En soi, ce qui s’est passé est un acte terrible et provocateur, conçu uniquement pour infliger de la douleur aux musulmans pratiquants. Prétendre qu’il s’agit d’une forme de «liberté d’expression» n’est qu’une excuse qui exacerbe l’insulte.
De telles atteintes à la dignité humaine peuvent avoir des conséquences. Rien ne justifie le recours à la violence en guise de réponse, mais il n’est guère surprenant que des extrémistes, où qu’ils soient, tentent d’utiliser cet événement pour réaliser leurs objectifs. L’avertissement lancé cette semaine par le département d’État américain concernant la possibilité d’une attaque terroriste contre des synagogues, des églises et des missions diplomatiques à Istanbul vient nous le rappeler.
Les tensions restent vives depuis la profanation, le mois dernier, du livre le plus sacré de l’islam lors d’une manifestation politique devant l’ambassade de Turquie à Stockholm, qui s’est déroulée dans le cadre des délibérations en cours entre les deux pays concernant la candidature de la Suède à l’Otan. Le débat n’est pas de nature religieuse et le fait d’en faire une affaire de religion révèle tout sur les intentions des provocateurs.

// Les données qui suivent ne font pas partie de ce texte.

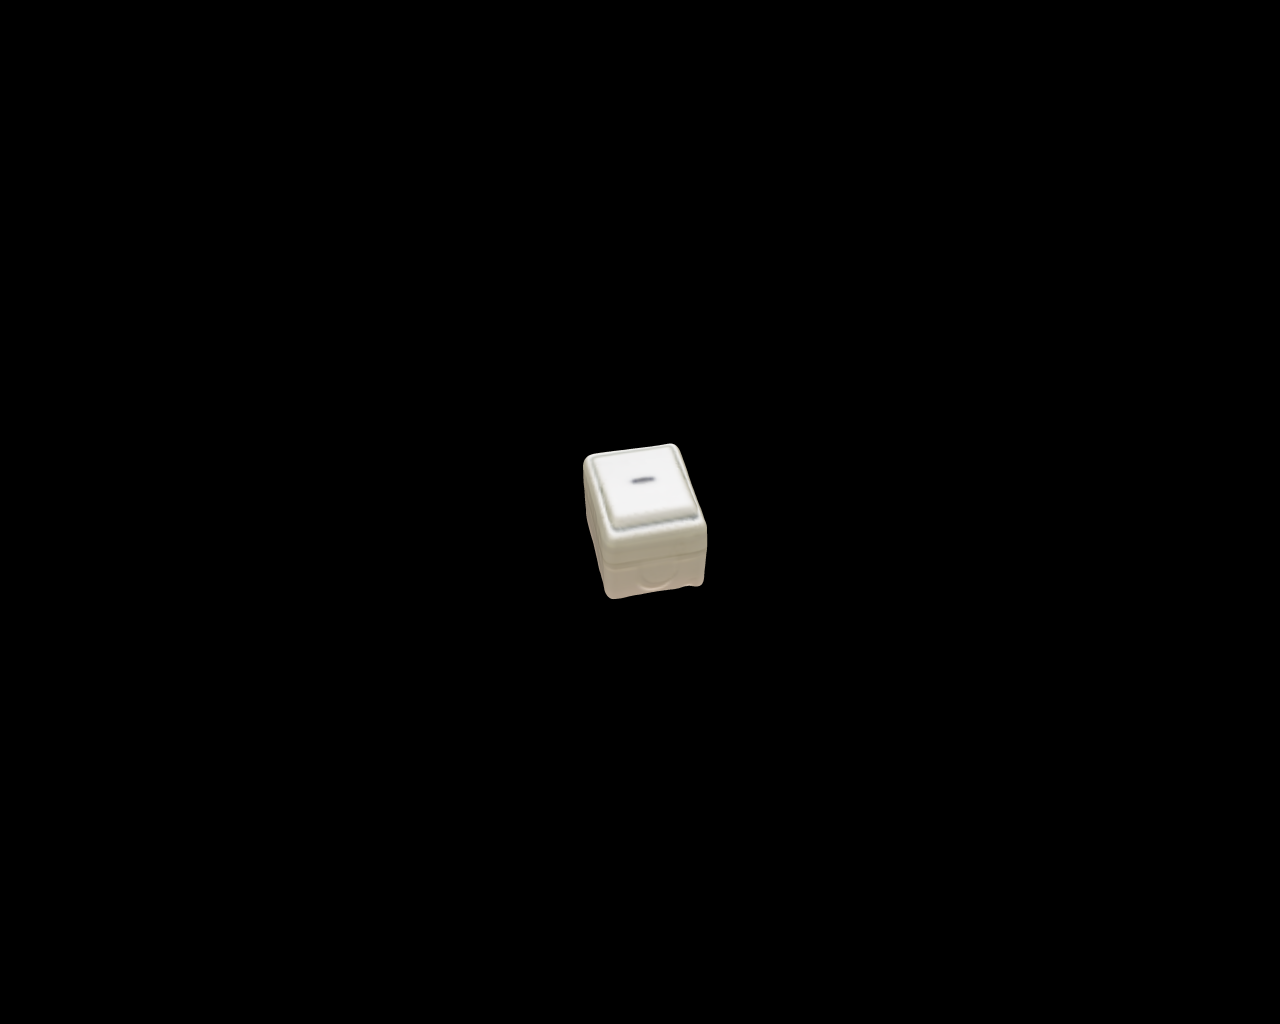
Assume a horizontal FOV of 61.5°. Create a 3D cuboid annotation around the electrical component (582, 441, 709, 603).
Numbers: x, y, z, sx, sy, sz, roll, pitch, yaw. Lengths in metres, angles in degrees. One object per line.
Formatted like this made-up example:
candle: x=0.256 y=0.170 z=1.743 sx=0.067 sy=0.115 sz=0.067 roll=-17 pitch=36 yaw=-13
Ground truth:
electrical component: x=0.001 y=-0.003 z=0.650 sx=0.062 sy=0.061 sz=0.096 roll=-8 pitch=44 yaw=-8

Rasmus Paludan, qui a brûlé le Coran, est le chef du parti politique danois d’extrême droite «Ligne dure» . Il s’est déjà livré à des actes similaires, principalement destinés à susciter l’indignation et à attirer l’attention. Les groupes musulmans, ainsi que les organisations chrétiennes, juives et autres en Occident, ont tous décrié sans ambiguïté son comportement. Parmi les communautés juives, celles de Suède et du Danemark ont condamné Paludan, de même que plusieurs organisations basées aux États-Unis, telles que l’Anti-Defamation League (ADL) et le B’nai B’rith International.

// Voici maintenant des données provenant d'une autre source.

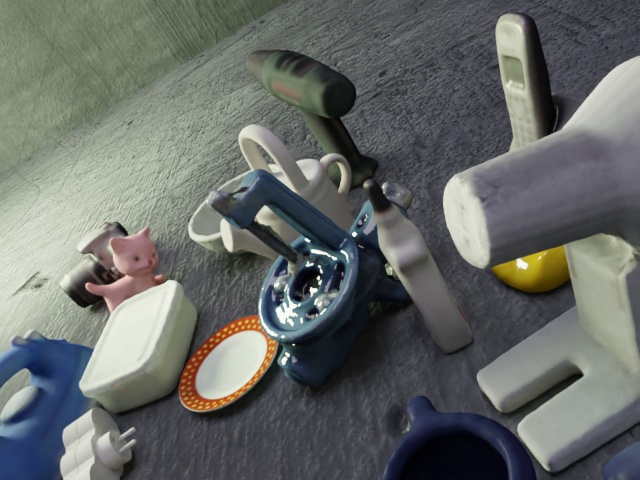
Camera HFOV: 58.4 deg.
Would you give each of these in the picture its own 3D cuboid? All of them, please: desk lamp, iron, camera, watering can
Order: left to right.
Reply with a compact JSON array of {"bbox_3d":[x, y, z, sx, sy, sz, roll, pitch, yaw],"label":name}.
[{"bbox_3d":[-0.350,0.190,0.678,0.118,0.142,0.258,-22,32,18],"label":"iron"},{"bbox_3d":[-0.373,0.037,0.963,0.137,0.101,0.142,-43,31,-16],"label":"camera"},{"bbox_3d":[-0.037,-0.046,0.674,0.100,0.194,0.173,-2,42,42],"label":"watering can"},{"bbox_3d":[0.178,0.011,0.366,0.203,0.214,0.117,-34,30,-1],"label":"desk lamp"}]

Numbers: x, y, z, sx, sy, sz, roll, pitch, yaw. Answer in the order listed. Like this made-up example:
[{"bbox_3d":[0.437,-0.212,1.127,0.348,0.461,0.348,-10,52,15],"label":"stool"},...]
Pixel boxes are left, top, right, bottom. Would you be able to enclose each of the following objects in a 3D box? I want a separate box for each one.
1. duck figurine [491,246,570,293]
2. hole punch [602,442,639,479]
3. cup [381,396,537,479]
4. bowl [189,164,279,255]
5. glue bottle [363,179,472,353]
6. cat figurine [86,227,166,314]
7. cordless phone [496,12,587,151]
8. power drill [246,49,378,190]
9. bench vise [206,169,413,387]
[{"bbox_3d":[0.183,-0.009,0.520,0.077,0.086,0.104,-30,30,6],"label":"duck figurine"},{"bbox_3d":[0.196,0.145,0.278,0.101,0.091,0.108,-23,32,17],"label":"hole punch"},{"bbox_3d":[0.090,0.160,0.352,0.091,0.095,0.117,-30,30,5],"label":"cup"},{"bbox_3d":[-0.102,-0.032,0.835,0.167,0.075,0.167,-24,31,16],"label":"bowl"},{"bbox_3d":[0.079,0.017,0.492,0.037,0.173,0.078,-30,30,6],"label":"glue bottle"},{"bbox_3d":[-0.283,0.046,0.849,0.128,0.118,0.067,-41,31,-14],"label":"cat figurine"},{"bbox_3d":[0.225,-0.122,0.545,0.094,0.185,0.147,-36,30,-4],"label":"cordless phone"},{"bbox_3d":[-0.009,-0.176,0.822,0.076,0.209,0.228,-41,31,-14],"label":"power drill"},{"bbox_3d":[-0.004,0.002,0.546,0.121,0.220,0.208,-3,41,41],"label":"bench vise"}]

Cependant, certains se sont montrés plus virulents dans leurs critiques.
«Le débat n’est pas de nature religieuse et le fait d’en faire une affaire de religion révèle tout sur les intentions des provocateurs.»
Rabbi Marc Schneier
Le chef du gouvernement suédois ne s’est pas couvert de gloire. Sa déclaration semblait privilégier le fait que «la liberté d’expression constitue un élément fondamental de la démocratie». Certes, mais brûler le Coran dans le seul but d’attaquer l’identité religieuse des musulmans de Suède et d’ailleurs ne devrait pas être considéré comme une liberté d’expression. Il est étrange qu’en Suède, il soit illégal de brûler des drapeaux mais pas des textes religieux sacrés.
Le Premier ministre Ulf Kristersson a noté que brûler des livres saints est un «acte profondément irrespectueux» et a compati avec les musulmans offensés. Toutefois, cela minimise la gravité de l’incident. Brûler un Coran, comme une Bible ou une Torah, s’apparente davantage à un acte de violence. Il devrait donc compatir avec toutes les personnes qui chérissent le respect et l’acceptation de chacun dans leur société et dans le monde.
Malheureusement, de tels actes n’ont fait que se multiplier dans les jours qui ont suivi.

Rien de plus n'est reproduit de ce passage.